PALAVRAS-CHAVE: AÇÃO AFIRMATIVA; SISTEMA DE COTAS; ENSINO SUPERIOR

RESUMEN

Este trabajo buscó comprender el impacto de las políticas de acción afirmativa en la educación superior. En ese sentido, tres objetivos orientaron el estudio: evaluar la distribución de estudiantes negros por curso en la Universidade Federal de Ciências da Saúde de Porto Alegre; comparar el porcentaje de alumnos negros matriculados por curso con la representación proporcional del grupo en el estado de Rio Grande do Sul; analizar la distribución de estudiantes negros por curso en competencia amplia. Los datos fueron sometidos a estadística descriptiva. Los datos revelaron: expansión de la participación de estudiantes negros en todos los cursos y en niveles superiores a la participación de esta población en el estado y que el fin de la Ley n. 12.711/2012 tendrá un impacto inmediato en la retracción de matrículas de estudiantes negros.
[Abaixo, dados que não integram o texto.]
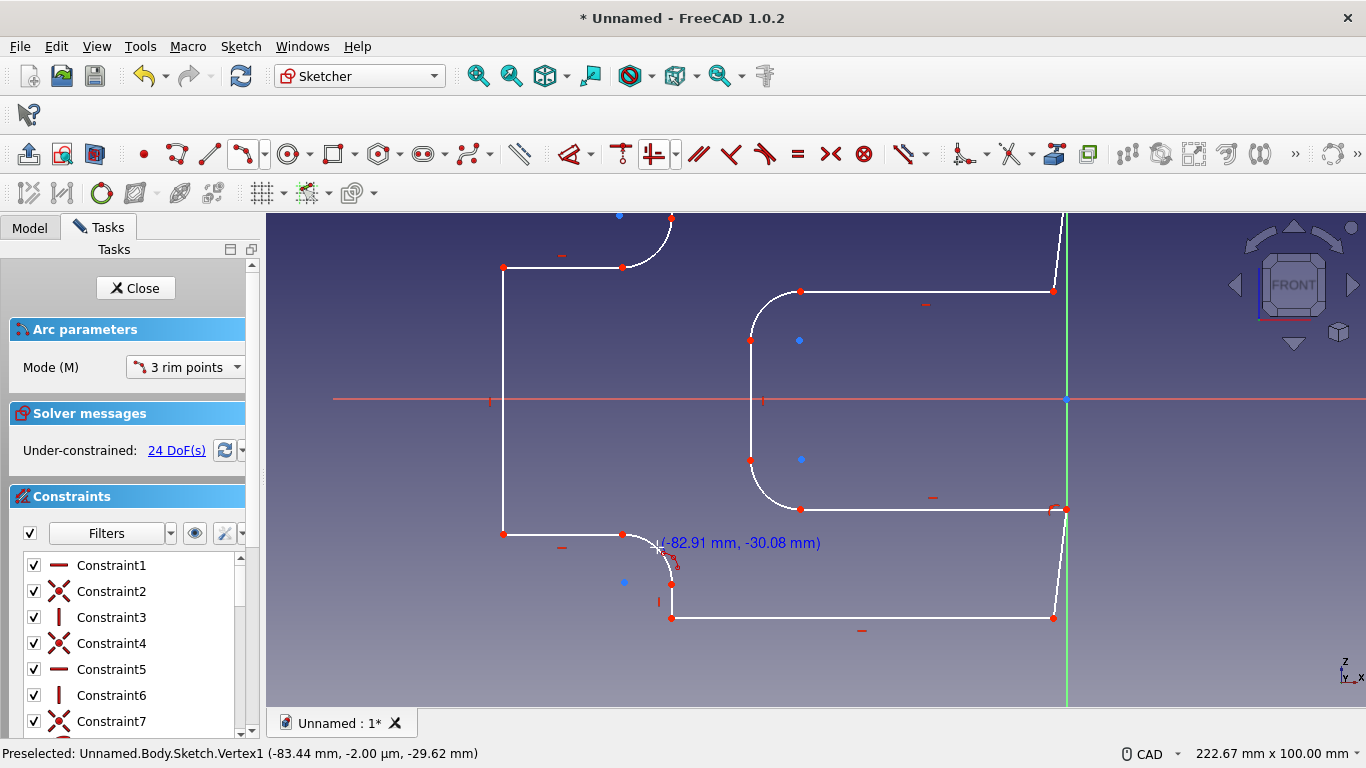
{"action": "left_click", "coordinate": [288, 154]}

PALABRA CLAVE: ACCIÓN AFIRMATIVA; SISTEMA DE CUOTAS; EDUCACIÓN SUPERIOR

ABSTRACT

The present study seeks to understand the impact of affirmative action policies on higher education. In this sense, three objectives guided the study: to evaluate the distribution of black students per course at the Universidade Federal de Ciências da Saúde de Porto Alegre; to compare the percentage of black students enrolled per course with the group’s proportion in the state of Rio Grande do Sul; and to analyze the distribution of black students per course in wide competition. Data were submitted to descriptive statistics and revealed an increase in participation of black students in all courses and at levels higher than the participation of this population in the state and that the end of Law n. 12.711/2012 will have an immediate impact of reducing enrollments of black students.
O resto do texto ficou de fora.